Rubbernecking past an accident on the motorway, we’re drawn to news of bad things happening – and as long as they’re happening to someone else, we keep coming back for more.
That’s why, in journalism, if it bleeds it leads. As consumers move from one sugar rush to the next, one could call it McNews.
Unfortunately, this kind of news is now about as good for the survival of homo sapiens as a species as a diet of junk food is to personal longevity.
But how might that be changed? How do we interest our affluent Western audiences, or indeed aspiring Chinese, Indian or African news consumers, in what at the moment seems like a tasteless, sugar- and fat-free diet of what’s still cast as a Not-Here-But-There, a Not-Now-If-Ever problem most likely to affect others rather than us.

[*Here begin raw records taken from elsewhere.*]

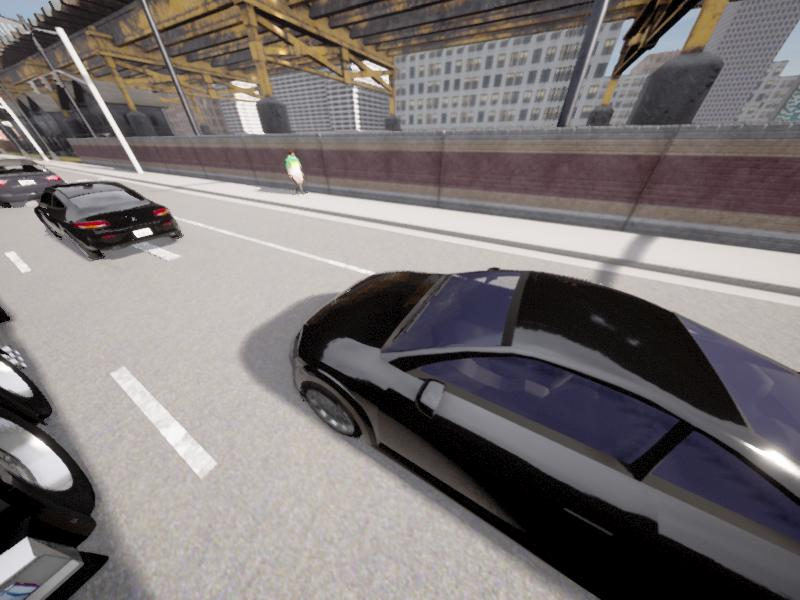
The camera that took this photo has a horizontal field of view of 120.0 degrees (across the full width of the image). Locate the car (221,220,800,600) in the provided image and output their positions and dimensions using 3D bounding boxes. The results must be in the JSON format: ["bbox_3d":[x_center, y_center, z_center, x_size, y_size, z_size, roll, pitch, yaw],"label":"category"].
[{"bbox_3d":[0.957,0.552,1.998,4.181,1.385,1.994,18,39,24],"label":"car"}]

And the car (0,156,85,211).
[{"bbox_3d":[-17.401,-5.473,10.547,4.611,1.667,2.242,18,39,24],"label":"car"}]

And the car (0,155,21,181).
[{"bbox_3d":[-30.223,-9.531,16.623,4.902,1.511,2.128,18,39,24],"label":"car"}]

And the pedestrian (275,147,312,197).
[{"bbox_3d":[-4.641,-5.621,10.173,0.751,1.860,0.751,18,39,24],"label":"pedestrian"}]

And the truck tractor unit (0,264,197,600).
[{"bbox_3d":[-5.110,-0.301,0.779,6.516,4.208,3.053,18,39,24],"label":"truck tractor unit"}]

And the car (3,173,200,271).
[{"bbox_3d":[-7.894,-2.325,6.140,4.674,1.442,1.812,18,39,24],"label":"car"}]
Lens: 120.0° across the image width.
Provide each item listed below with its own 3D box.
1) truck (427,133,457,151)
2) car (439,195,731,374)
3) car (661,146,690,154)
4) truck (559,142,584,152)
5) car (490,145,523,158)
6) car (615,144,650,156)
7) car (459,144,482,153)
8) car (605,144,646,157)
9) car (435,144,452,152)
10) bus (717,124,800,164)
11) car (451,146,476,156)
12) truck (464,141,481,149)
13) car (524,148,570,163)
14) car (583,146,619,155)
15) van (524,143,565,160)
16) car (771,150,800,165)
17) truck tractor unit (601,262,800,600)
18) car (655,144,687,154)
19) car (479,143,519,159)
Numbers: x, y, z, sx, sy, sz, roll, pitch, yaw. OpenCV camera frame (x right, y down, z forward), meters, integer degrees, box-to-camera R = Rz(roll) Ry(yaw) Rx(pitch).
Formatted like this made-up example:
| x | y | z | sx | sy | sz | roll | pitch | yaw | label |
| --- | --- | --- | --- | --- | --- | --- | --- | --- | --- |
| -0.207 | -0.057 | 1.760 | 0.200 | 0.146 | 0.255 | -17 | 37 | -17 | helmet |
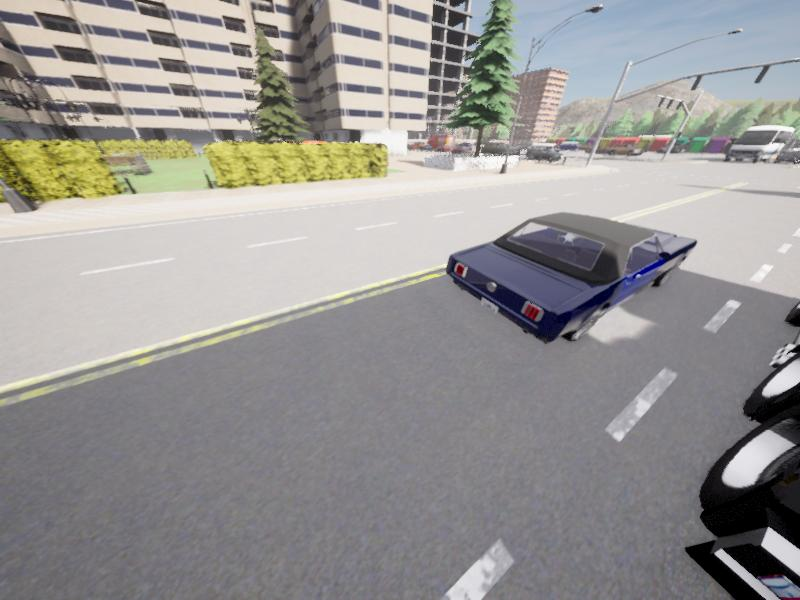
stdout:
| x | y | z | sx | sy | sz | roll | pitch | yaw | label |
| --- | --- | --- | --- | --- | --- | --- | --- | --- | --- |
| 10.956 | -42.269 | 61.839 | 2.891 | 3.827 | 8.468 | -18 | 39 | -25 | truck |
| 3.211 | -0.773 | 4.067 | 4.718 | 1.301 | 1.895 | -18 | 39 | -25 | car |
| 63.343 | -34.520 | 53.187 | 1.970 | 1.475 | 3.806 | -18 | 39 | -25 | car |
| 44.960 | -40.345 | 60.771 | 2.069 | 2.038 | 4.478 | -18 | 39 | -25 | truck |
| 18.501 | -26.041 | 40.407 | 2.242 | 1.667 | 4.611 | -18 | 39 | -25 | car |
| 43.866 | -28.399 | 43.683 | 1.905 | 1.878 | 3.866 | -18 | 39 | -25 | car |
| 16.514 | -35.883 | 54.634 | 2.152 | 1.651 | 5.027 | -18 | 39 | -25 | car |
| 41.334 | -27.618 | 42.518 | 1.932 | 1.855 | 4.605 | -18 | 39 | -25 | car |
| 10.714 | -37.567 | 57.118 | 1.970 | 1.475 | 3.806 | -18 | 39 | -25 | car |
| 51.767 | -22.301 | 33.167 | 10.273 | 4.253 | 3.944 | -17 | 38 | -24 | bus |
| 11.960 | -28.417 | 43.953 | 1.812 | 1.442 | 4.674 | -18 | 39 | -25 | car |
| 21.823 | -46.971 | 70.042 | 2.069 | 2.038 | 4.478 | -18 | 39 | -25 | truck |
| 20.312 | -20.239 | 32.196 | 2.128 | 1.511 | 4.902 | -18 | 39 | -25 | car |
| 42.990 | -32.162 | 49.513 | 2.033 | 1.415 | 5.357 | -18 | 39 | -25 | car |
| 21.986 | -22.772 | 35.408 | 2.069 | 2.038 | 4.480 | -18 | 39 | -25 | van |
| 53.534 | -19.517 | 31.590 | 4.892 | 1.490 | 1.837 | -17 | 38 | -24 | car |
| 5.128 | -0.279 | 0.786 | 6.516 | 4.208 | 3.053 | -18 | 40 | -25 | truck tractor unit |
| 60.834 | -33.911 | 51.856 | 1.905 | 1.878 | 3.866 | -18 | 39 | -25 | car |
| 16.115 | -24.586 | 37.946 | 2.150 | 2.045 | 5.566 | -18 | 39 | -25 | car |

There are those who argue, especially after the critical disappointment of the Copenhagen climate summit, that frightening people with too many grim facts – or putting the climate change link right at the heart of Sandy storm coverage – will push public and political opinion further into denial and disengagement.
I think that’s dangerous and wrong.
It’s true that as human beings we don’t like being told, or acting upon, uncomfortable truths that disturb us in our daily lives.
There are myriad illustrations throughout history, from our attitudes to drinking and smoking, through the way we assess the relative risks of driving (dangerous) and flying (largely safe), to the tragedy of Jews in Berlin or Vienna in 1939 or 1940 who couldn’t believe the Nazis would be as brutal as they turned out to be, staying put rather than seeking safety in emigration.
We don’t like stories about climate change, and we don’t like to feel helpless. We want to understand Sandy as a one-off event that happened to someone else, and is now safely over and the damage being repaired.
That’s why, since Copenhagen, climate change as a story in its own right has dropped almost entirely out American news and political discourse, and only marginally less completely from European news agendas.
It’s human nature to close our eyes to danger. If we had no mechanisms to filter our awareness of threat, we wouldn’t dare step outside our front doors in the morning.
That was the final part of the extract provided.